Entries taken from a collection:
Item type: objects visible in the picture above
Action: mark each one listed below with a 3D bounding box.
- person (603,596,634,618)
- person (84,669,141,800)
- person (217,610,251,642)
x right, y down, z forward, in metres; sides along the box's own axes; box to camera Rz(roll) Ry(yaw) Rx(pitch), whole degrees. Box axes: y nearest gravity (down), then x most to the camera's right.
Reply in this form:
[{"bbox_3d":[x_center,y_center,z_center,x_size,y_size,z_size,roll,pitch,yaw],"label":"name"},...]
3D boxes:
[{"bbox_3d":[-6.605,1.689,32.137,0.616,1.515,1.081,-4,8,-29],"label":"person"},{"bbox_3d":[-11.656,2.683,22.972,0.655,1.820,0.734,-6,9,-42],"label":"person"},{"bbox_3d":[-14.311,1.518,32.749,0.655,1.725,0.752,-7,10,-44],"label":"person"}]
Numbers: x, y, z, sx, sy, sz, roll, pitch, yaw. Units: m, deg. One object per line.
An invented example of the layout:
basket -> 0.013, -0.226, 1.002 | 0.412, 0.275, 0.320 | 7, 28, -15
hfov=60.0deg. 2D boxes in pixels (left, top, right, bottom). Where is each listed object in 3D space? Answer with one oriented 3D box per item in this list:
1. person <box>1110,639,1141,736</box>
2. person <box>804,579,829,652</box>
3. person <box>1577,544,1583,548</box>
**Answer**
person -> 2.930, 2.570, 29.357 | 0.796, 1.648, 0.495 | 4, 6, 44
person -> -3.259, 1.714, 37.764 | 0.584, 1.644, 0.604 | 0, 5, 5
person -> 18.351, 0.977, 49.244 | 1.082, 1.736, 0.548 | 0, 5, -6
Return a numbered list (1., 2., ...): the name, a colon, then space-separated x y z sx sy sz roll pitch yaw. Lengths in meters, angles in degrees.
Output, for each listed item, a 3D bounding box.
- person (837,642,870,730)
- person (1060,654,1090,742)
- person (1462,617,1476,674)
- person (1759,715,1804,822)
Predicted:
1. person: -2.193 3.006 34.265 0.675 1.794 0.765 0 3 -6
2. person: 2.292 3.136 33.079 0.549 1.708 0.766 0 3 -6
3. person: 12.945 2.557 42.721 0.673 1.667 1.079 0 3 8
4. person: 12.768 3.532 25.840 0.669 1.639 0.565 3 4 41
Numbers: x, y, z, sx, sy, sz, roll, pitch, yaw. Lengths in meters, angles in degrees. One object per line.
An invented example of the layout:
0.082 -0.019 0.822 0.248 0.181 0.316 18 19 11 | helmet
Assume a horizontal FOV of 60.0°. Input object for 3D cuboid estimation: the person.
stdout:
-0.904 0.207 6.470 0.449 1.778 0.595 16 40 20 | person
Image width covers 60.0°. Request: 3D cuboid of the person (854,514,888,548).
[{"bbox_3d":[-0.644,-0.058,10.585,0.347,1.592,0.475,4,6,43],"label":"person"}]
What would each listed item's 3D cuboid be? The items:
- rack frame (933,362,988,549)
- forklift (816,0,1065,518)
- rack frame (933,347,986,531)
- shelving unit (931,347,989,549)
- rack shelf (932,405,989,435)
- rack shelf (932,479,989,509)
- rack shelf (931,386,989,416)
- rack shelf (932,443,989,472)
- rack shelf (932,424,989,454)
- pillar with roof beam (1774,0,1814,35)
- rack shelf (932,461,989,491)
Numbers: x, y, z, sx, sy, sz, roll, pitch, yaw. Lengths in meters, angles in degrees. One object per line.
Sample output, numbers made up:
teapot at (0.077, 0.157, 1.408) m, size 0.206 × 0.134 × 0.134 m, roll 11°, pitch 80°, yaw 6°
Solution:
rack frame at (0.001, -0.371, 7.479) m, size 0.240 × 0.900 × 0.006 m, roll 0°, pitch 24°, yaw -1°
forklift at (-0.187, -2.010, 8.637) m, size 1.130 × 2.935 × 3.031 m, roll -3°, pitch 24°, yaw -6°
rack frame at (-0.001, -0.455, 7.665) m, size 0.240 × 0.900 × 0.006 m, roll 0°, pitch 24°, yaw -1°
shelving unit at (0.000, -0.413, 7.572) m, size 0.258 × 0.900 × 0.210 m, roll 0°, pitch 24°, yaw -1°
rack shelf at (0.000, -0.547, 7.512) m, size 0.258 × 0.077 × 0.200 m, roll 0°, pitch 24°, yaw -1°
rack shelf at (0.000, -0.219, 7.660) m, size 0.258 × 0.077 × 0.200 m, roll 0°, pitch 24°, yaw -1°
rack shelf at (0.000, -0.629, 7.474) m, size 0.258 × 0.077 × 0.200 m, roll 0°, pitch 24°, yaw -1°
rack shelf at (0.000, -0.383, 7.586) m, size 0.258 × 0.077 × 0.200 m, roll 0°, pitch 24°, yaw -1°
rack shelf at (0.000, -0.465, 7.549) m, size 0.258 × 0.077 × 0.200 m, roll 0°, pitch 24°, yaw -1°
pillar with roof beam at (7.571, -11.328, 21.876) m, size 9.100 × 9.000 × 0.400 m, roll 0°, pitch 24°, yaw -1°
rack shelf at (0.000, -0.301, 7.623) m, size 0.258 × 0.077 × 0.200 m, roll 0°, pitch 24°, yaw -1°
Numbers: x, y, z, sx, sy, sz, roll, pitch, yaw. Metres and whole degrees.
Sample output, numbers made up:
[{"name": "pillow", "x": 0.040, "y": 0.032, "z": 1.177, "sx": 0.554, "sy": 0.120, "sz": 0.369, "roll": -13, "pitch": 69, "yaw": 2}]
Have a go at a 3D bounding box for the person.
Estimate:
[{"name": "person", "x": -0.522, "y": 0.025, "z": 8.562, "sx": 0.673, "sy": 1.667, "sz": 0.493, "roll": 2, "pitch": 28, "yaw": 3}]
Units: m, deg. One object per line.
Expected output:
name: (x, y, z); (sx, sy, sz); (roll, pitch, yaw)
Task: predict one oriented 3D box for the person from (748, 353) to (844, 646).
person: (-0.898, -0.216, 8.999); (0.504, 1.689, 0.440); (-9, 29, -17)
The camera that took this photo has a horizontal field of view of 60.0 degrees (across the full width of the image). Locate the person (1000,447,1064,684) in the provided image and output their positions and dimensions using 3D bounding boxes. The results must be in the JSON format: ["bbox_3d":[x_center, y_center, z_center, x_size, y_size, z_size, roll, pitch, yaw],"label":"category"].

Instructions for the task: Determine the count of lines in the data that contain the string "listed", and reply with that count alone.

Result of the exercise: 4